May 28, 2025
Authored and Edited by P. Michael Nielsen; Christopher B. Anderson; Erik R. Puknys
In Recentive Analytics, Inc. v. Fox Corp., No. 2023-2437 (Fed. Cir. Apr. 18, 2025), the Federal Circuit affirmed a district court’s holding that claiming the application of machine learning to new data environments, alone, is unpatentable under § 101.
Patent-owner Recentive sued Fox Corp., asserting four patents related to machine-learning-generated network maps and schedules for TV broadcasts and live events. The district court granted Fox’s motion to dismiss, finding the patents ineligible under the two-step Alice inquiry. Under step one, the district court held the claims were “directed to the abstract ideas of producing network maps and event schedules, respectively, using known generic mathematical techniques.” Under step two, the district court found that the patents were not directed to an “inventive concept” because the machine learning techniques described were “broad, functionally-described, well-known techniques” that would not “amount [] to significantly more than a patent upon the [ineligible concept] itself.”
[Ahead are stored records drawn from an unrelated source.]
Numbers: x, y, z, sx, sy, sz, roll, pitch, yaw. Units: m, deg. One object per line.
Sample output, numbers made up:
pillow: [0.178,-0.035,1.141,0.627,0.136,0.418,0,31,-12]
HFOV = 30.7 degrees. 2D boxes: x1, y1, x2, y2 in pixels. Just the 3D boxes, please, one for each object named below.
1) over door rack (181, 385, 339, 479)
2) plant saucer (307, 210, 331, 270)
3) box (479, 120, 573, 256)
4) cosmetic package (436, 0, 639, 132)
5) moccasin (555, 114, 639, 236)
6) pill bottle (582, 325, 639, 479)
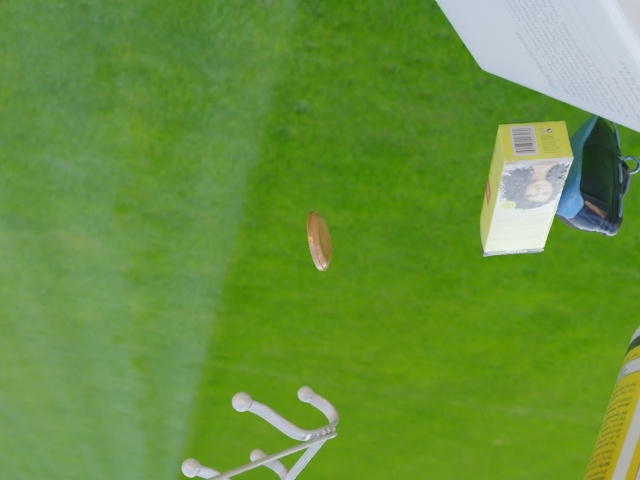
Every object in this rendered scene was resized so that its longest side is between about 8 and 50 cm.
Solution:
over door rack: [-0.129,0.289,1.247,0.108,0.239,0.324,40,-155,11]
plant saucer: [0.000,0.000,1.609,0.013,0.083,0.083,-10,157,14]
box: [0.254,-0.060,1.471,0.087,0.058,0.232,-4,151,0]
cosmetic package: [0.302,-0.350,1.184,0.327,0.329,0.393,48,174,-32]
moccasin: [0.444,-0.094,1.913,0.117,0.342,0.138,34,126,-2]
pill bottle: [0.360,0.253,1.169,0.188,0.334,0.188,21,151,12]
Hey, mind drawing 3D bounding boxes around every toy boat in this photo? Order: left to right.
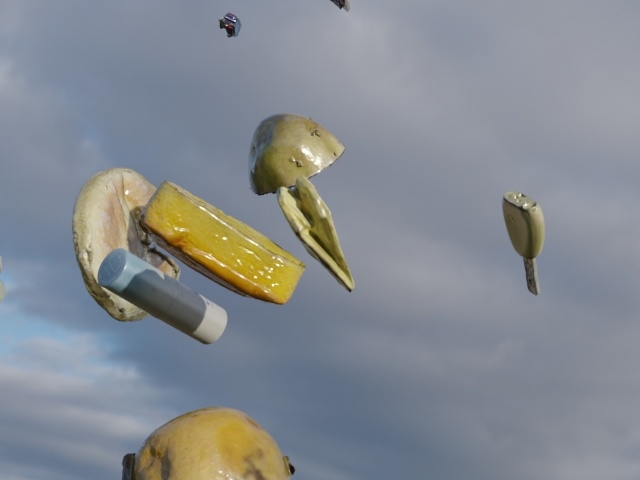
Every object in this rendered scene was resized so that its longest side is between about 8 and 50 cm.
[{"bbox_3d":[-0.159,-0.377,2.042,0.038,0.038,0.083,10,-6,4],"label":"toy boat"}]

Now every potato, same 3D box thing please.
[{"bbox_3d":[-0.065,-0.171,2.123,0.117,0.182,0.202,60,-18,-19],"label":"potato"}]

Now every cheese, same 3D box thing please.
[{"bbox_3d":[0.355,0.010,2.017,0.037,0.192,0.097,-22,30,-17],"label":"cheese"}]

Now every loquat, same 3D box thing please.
[{"bbox_3d":[-0.159,0.339,1.541,0.244,0.244,0.244,10,-19,3],"label":"loquat"}]

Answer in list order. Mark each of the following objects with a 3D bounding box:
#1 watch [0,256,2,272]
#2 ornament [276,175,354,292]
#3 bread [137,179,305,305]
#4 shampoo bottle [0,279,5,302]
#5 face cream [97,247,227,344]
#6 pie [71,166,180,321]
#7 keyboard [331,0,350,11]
[{"bbox_3d":[-0.640,0.012,1.839,0.161,0.253,0.241,15,-21,43],"label":"watch"},{"bbox_3d":[0.000,0.000,1.747,0.059,0.180,0.201,-32,-8,-3],"label":"ornament"},{"bbox_3d":[-0.137,0.011,1.640,0.245,0.094,0.102,32,-2,-18],"label":"bread"},{"bbox_3d":[-0.707,0.034,2.281,0.085,0.085,0.262,3,-38,22],"label":"shampoo bottle"},{"bbox_3d":[-0.274,0.100,2.055,0.077,0.077,0.250,-7,-30,41],"label":"face cream"},{"bbox_3d":[-0.405,0.006,2.411,0.075,0.337,0.337,-14,-29,30],"label":"pie"},{"bbox_3d":[0.024,-0.467,2.128,0.055,0.017,0.166,39,-8,17],"label":"keyboard"}]

Upon de novo review, the Federal Circuit affirmed, finding “nothing in the claims . . . that would transform the [] patents into something ‘significantly more’ than the abstract idea.” Looking to the patent specifications, the Federal Circuit reasoned that the claimed techniques applied conventional machine learning techniques. Claims merely applying established methods of machine learning to a new data environment are ineligible.